Она стояла в дверях нашей спальни, той самой, которую мы занимали в прошлый раз. Той, где она нажала тревожную кнопку, предупредившую Андре о непрошеных гостях, но я постарался как можно скорее выкинуть эти мысли (темные глаза, темные капюшоны, бейсбольные биты) из головы.

Я моргнул – зеленые глаза, черный шлем, – а когда открыл глаза, все было хорошо. Рядом стояла Вероника в мягких пушистых штанах и халате, из-под которого выглядывала шелковая маечка. Даже ее домашние костюмы были роскошны. Она была в красивых, больших очках, в которых обычно читала дома, из-за стекол на меня смотрели глаза, темные и внимательные. От волос, еще мокрых, на халате остались влажные пятна.

– Как ты? Нормально? – с тревогой спросила она.

– Ну конечно! – Я вложил в голос как можно больше уверенности, но перестарался. И для нас двоих, стоящих совсем рядом, это прозвучало слишком громко. Я понизил голос и шагнул еще ближе к ней. – Все хорошо, – повторил я.

Не знаю, поверила ли она, но не стала развивать тему. Приподнялась на цыпочки и поцеловала меня.

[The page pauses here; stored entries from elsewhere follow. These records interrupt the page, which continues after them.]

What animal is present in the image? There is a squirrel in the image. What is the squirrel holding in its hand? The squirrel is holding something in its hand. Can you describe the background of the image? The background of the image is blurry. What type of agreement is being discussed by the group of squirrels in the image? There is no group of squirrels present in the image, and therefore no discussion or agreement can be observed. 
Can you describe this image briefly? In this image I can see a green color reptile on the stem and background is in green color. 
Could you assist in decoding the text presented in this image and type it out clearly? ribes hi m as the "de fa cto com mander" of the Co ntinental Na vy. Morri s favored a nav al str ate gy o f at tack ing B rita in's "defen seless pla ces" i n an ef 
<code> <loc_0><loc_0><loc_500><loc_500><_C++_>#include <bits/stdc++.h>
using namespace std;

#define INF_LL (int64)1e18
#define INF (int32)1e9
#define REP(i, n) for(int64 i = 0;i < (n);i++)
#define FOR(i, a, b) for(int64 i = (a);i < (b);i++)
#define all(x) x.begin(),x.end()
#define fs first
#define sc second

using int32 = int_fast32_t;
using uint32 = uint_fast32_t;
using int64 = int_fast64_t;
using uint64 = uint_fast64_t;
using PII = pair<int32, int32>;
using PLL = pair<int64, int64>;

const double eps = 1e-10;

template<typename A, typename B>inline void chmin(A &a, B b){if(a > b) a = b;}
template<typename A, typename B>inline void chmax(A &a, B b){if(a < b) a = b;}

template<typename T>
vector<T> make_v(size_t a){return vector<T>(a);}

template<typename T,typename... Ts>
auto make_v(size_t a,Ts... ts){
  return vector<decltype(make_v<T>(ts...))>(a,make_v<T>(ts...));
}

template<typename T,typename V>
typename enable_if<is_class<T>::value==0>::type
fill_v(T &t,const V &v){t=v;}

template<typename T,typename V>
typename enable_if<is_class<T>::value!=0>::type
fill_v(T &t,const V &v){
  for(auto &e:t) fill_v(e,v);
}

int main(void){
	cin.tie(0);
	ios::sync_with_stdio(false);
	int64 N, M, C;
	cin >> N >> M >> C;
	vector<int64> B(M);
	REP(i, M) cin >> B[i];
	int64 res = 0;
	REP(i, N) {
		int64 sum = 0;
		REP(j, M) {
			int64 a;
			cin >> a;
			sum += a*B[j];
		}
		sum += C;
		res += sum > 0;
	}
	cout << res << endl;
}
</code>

– Спустишься к нам вниз через несколько минут перекусить?

Я кивнул:

– Да. Только хочу кое-что убрать.

Она направилась в погреб, а я пошел в ванную положить зубную щетку и другие туалетные принадлежности. Распаковывать было особо нечего, мы захватили только то, что понадобится на одну ночь.

Да у нас, впрочем, и была всего одна ночь на распутывание этого клубка. Буквально – сейчас или никогда. Разобраться с моей предстоящей вечностью.

Вернувшись из ванной, я взял свитер, брошенный на кровать перед тем, как пойти в душ, и натянул опять. И только одевшись, заметил, что подушка с моей стороны лежит не на месте. Сдвинута не сильно, совсем чуть-чуть, – заметить это мог только человек, который, как я, стоял возле кровати и в полузабытьи тупо пялился в пространство. Но если учесть, что в доме у Лоджей все всегда лежит идеально, тут было о чем задуматься.

Меня пробрала дрожь. Как в кино – внезапное ощущение, что за мной следят или что вот-вот произойдет нечто очень важное, такое, что повлияет на весь ход событий. Однажды я видел документальный фильм о человеке в состоянии диссоциации. И сейчас я чувствовал себя так, как описывалось в том фильме, – будто я нахожусь не здесь, будто внезапно отсоединился от своего тела и лечу где-то в вышине, наблюдая за происходящим издалека.

Усилием воли стиснул руку, вспоминая, что у меня есть тело, и потянулся к подушке.

Она была теплая.

Это ничего не значит, сказал я себе. Что, если Вероника присела здесь или прилегла на минутку? Тогда подушка нагрелась бы. И что тут такого?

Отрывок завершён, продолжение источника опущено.